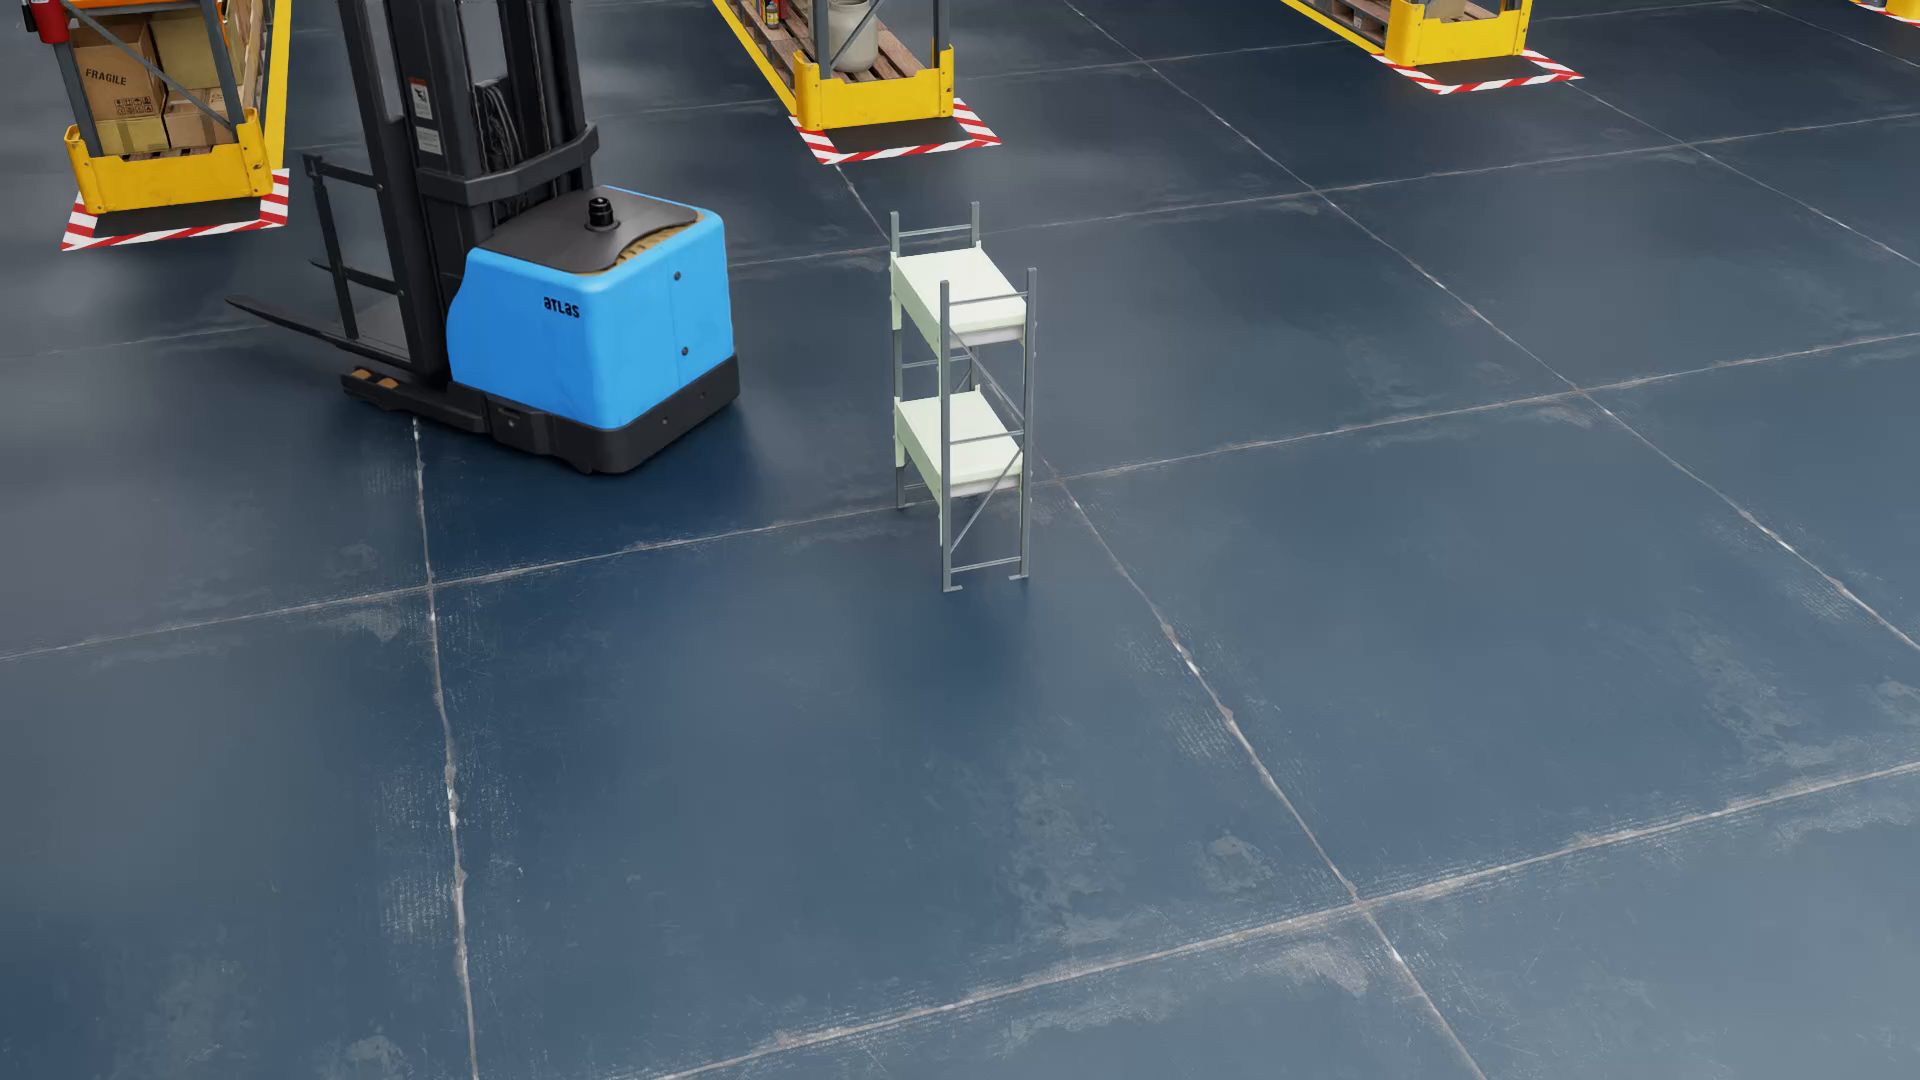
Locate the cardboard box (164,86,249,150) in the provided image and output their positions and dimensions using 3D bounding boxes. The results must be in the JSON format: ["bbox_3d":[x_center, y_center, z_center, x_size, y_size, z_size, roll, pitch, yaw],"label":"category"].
[{"bbox_3d":[-5.242,-2.950,11.607,0.500,0.250,0.500,-10,35,-15],"label":"cardboard box"}]

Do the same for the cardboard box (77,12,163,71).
[{"bbox_3d":[-6.057,-3.698,12.059,0.500,0.500,0.500,-10,35,-15],"label":"cardboard box"}]

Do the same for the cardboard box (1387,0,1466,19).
[{"bbox_3d":[3.970,-4.730,14.074,0.500,0.500,0.500,-4,34,-6],"label":"cardboard box"}]

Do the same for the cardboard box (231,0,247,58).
[{"bbox_3d":[-5.562,-3.786,12.191,0.500,0.500,0.500,-10,35,-15],"label":"cardboard box"}]

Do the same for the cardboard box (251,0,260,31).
[{"bbox_3d":[-6.018,-4.261,13.590,0.500,0.250,0.500,-10,35,-15],"label":"cardboard box"}]

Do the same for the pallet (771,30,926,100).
[{"bbox_3d":[-0.883,-3.730,13.204,1.003,0.211,1.213,-10,35,-15],"label":"pallet"}]

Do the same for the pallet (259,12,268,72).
[{"bbox_3d":[-6.308,-4.116,13.787,1.003,0.211,1.213,-10,35,-15],"label":"pallet"}]

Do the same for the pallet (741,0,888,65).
[{"bbox_3d":[-1.251,-4.370,14.172,1.003,0.211,1.213,-10,35,-15],"label":"pallet"}]

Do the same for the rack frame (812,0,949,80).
[{"bbox_3d":[-0.572,-4.434,11.740,1.000,3.000,0.127,-10,35,-15],"label":"rack frame"}]

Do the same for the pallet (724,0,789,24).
[{"bbox_3d":[-1.627,-5.011,15.143,1.003,0.211,1.213,-10,35,-15],"label":"pallet"}]

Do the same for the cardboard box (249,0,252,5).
[{"bbox_3d":[-6.020,-4.573,13.383,0.500,0.500,0.500,-10,35,-15],"label":"cardboard box"}]

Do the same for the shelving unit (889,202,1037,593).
[{"bbox_3d":[0.002,-0.622,7.331,0.431,1.500,0.755,-10,35,-15],"label":"shelving unit"}]

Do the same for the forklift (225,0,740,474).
[{"bbox_3d":[-2.693,-2.138,8.327,3.031,2.935,1.130,18,37,25],"label":"forklift"}]

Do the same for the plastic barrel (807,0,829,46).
[{"bbox_3d":[-0.999,-4.167,13.212,0.421,0.512,0.421,0,33,0],"label":"plastic barrel"}]

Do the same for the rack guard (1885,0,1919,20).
[{"bbox_3d":[8.906,-4.993,14.852,1.175,0.500,0.348,-10,35,-15],"label":"rack guard"}]

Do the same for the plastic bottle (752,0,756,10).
[{"bbox_3d":[-1.697,-4.699,14.145,0.144,0.351,0.185,-9,34,-13],"label":"plastic bottle"}]

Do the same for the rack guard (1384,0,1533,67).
[{"bbox_3d":[4.121,-4.264,13.750,1.175,0.500,0.348,-10,35,-15],"label":"rack guard"}]

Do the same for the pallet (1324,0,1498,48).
[{"bbox_3d":[3.907,-4.576,14.484,1.003,0.211,1.213,-10,35,-15],"label":"pallet"}]

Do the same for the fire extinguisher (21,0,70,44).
[{"bbox_3d":[-5.697,-3.431,10.291,0.296,0.674,0.183,-10,35,-15],"label":"fire extinguisher"}]

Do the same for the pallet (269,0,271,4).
[{"bbox_3d":[-6.773,-4.920,15.005,1.003,0.211,1.213,-10,35,-15],"label":"pallet"}]

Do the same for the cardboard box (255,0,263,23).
[{"bbox_3d":[-6.161,-4.525,13.990,0.500,0.250,0.500,-10,35,-15],"label":"cardboard box"}]

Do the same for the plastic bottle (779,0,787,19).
[{"bbox_3d":[-1.500,-4.530,13.950,0.061,0.283,0.133,-10,35,-15],"label":"plastic bottle"}]

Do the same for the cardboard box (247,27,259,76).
[{"bbox_3d":[-5.698,-3.738,12.799,0.500,0.250,0.500,-10,35,-15],"label":"cardboard box"}]

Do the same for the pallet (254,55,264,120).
[{"bbox_3d":[-5.932,-3.474,12.816,1.003,0.211,1.213,-10,35,-15],"label":"pallet"}]

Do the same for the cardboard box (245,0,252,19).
[{"bbox_3d":[-5.864,-4.311,12.987,0.500,0.500,0.500,-10,35,-15],"label":"cardboard box"}]

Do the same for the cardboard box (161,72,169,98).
[{"bbox_3d":[-5.900,-3.124,11.870,0.500,0.250,0.500,-10,35,-15],"label":"cardboard box"}]

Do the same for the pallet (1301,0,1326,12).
[{"bbox_3d":[3.539,-5.216,15.452,1.003,0.211,1.213,-10,35,-15],"label":"pallet"}]

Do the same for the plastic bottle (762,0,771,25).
[{"bbox_3d":[-1.603,-4.433,13.803,0.061,0.283,0.133,-9,35,-14],"label":"plastic bottle"}]

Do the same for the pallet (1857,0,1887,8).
[{"bbox_3d":[8.581,-5.292,15.567,1.003,0.211,1.213,-10,35,-15],"label":"pallet"}]

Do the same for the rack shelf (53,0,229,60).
[{"bbox_3d":[-5.901,-4.353,12.270,1.077,0.370,4.000,-10,35,-15],"label":"rack shelf"}]

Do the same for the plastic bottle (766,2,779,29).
[{"bbox_3d":[-1.550,-4.341,13.738,0.097,0.201,0.097,0,33,0],"label":"plastic bottle"}]

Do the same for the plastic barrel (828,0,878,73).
[{"bbox_3d":[-0.846,-3.904,12.813,0.421,0.512,0.421,0,33,0],"label":"plastic barrel"}]

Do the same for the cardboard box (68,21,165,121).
[{"bbox_3d":[-5.738,-3.176,11.268,0.500,0.500,0.500,-10,35,-15],"label":"cardboard box"}]

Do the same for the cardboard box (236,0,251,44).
[{"bbox_3d":[-5.697,-4.051,12.593,0.500,0.500,0.500,-10,35,-15],"label":"cardboard box"}]

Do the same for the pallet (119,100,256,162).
[{"bbox_3d":[-5.564,-2.834,11.848,1.003,0.211,1.213,-10,35,-15],"label":"pallet"}]

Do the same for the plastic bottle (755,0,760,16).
[{"bbox_3d":[-1.643,-4.582,14.035,0.152,0.276,0.135,-11,35,-16],"label":"plastic bottle"}]

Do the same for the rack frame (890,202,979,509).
[{"bbox_3d":[-0.110,-0.814,7.622,0.400,1.500,0.023,-10,35,-15],"label":"rack frame"}]

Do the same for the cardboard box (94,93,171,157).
[{"bbox_3d":[-5.736,-2.863,11.475,0.500,0.250,0.500,-10,35,-15],"label":"cardboard box"}]

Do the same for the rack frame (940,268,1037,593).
[{"bbox_3d":[0.114,-0.430,7.040,0.400,1.500,0.023,-10,35,-15],"label":"rack frame"}]

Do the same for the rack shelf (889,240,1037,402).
[{"bbox_3d":[0.002,-0.948,7.116,0.431,0.370,0.720,-10,35,-15],"label":"rack shelf"}]

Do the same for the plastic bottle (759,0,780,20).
[{"bbox_3d":[-1.601,-4.509,13.924,0.152,0.276,0.135,-10,35,-14],"label":"plastic bottle"}]

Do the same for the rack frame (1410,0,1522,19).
[{"bbox_3d":[4.145,-5.267,13.000,1.000,3.000,0.127,-10,35,-15],"label":"rack frame"}]

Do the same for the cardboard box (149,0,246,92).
[{"bbox_3d":[-5.397,-3.525,11.797,0.500,0.500,0.500,-10,35,-15],"label":"cardboard box"}]

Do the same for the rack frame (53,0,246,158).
[{"bbox_3d":[-5.291,-3.603,10.482,1.000,3.000,0.127,-10,35,-15],"label":"rack frame"}]

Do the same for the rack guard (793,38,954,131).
[{"bbox_3d":[-0.640,-3.423,12.477,1.175,0.500,0.348,-10,35,-15],"label":"rack guard"}]

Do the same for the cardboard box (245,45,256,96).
[{"bbox_3d":[-5.551,-3.475,12.401,0.500,0.250,0.500,-10,35,-15],"label":"cardboard box"}]

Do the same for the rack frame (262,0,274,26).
[{"bbox_3d":[-6.511,-5.703,13.660,1.000,3.000,0.127,-10,35,-15],"label":"rack frame"}]

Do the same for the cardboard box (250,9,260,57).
[{"bbox_3d":[-5.852,-4.001,13.197,0.500,0.250,0.500,-10,35,-15],"label":"cardboard box"}]

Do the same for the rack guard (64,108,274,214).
[{"bbox_3d":[-5.283,-2.548,11.152,1.175,0.500,0.348,-10,35,-15],"label":"rack guard"}]

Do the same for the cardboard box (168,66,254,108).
[{"bbox_3d":[-5.398,-3.212,12.004,0.500,0.250,0.500,-10,35,-15],"label":"cardboard box"}]

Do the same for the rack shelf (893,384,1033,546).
[{"bbox_3d":[0.002,-0.350,7.511,0.431,0.370,0.720,-10,35,-15],"label":"rack shelf"}]

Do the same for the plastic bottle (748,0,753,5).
[{"bbox_3d":[-1.754,-4.797,14.292,0.144,0.351,0.185,-10,35,-15],"label":"plastic bottle"}]

• [Task goal]
Beginning at the line that contains "Do the same for the rack shelf (893,384,1033,546).", retype each line of the listing up to and including the last one, exactly as it stands, and nothing else.

• [Task output]
Do the same for the rack shelf (893,384,1033,546).
[{"bbox_3d":[0.002,-0.350,7.511,0.431,0.370,0.720,-10,35,-15],"label":"rack shelf"}]

Do the same for the plastic bottle (748,0,753,5).
[{"bbox_3d":[-1.754,-4.797,14.292,0.144,0.351,0.185,-10,35,-15],"label":"plastic bottle"}]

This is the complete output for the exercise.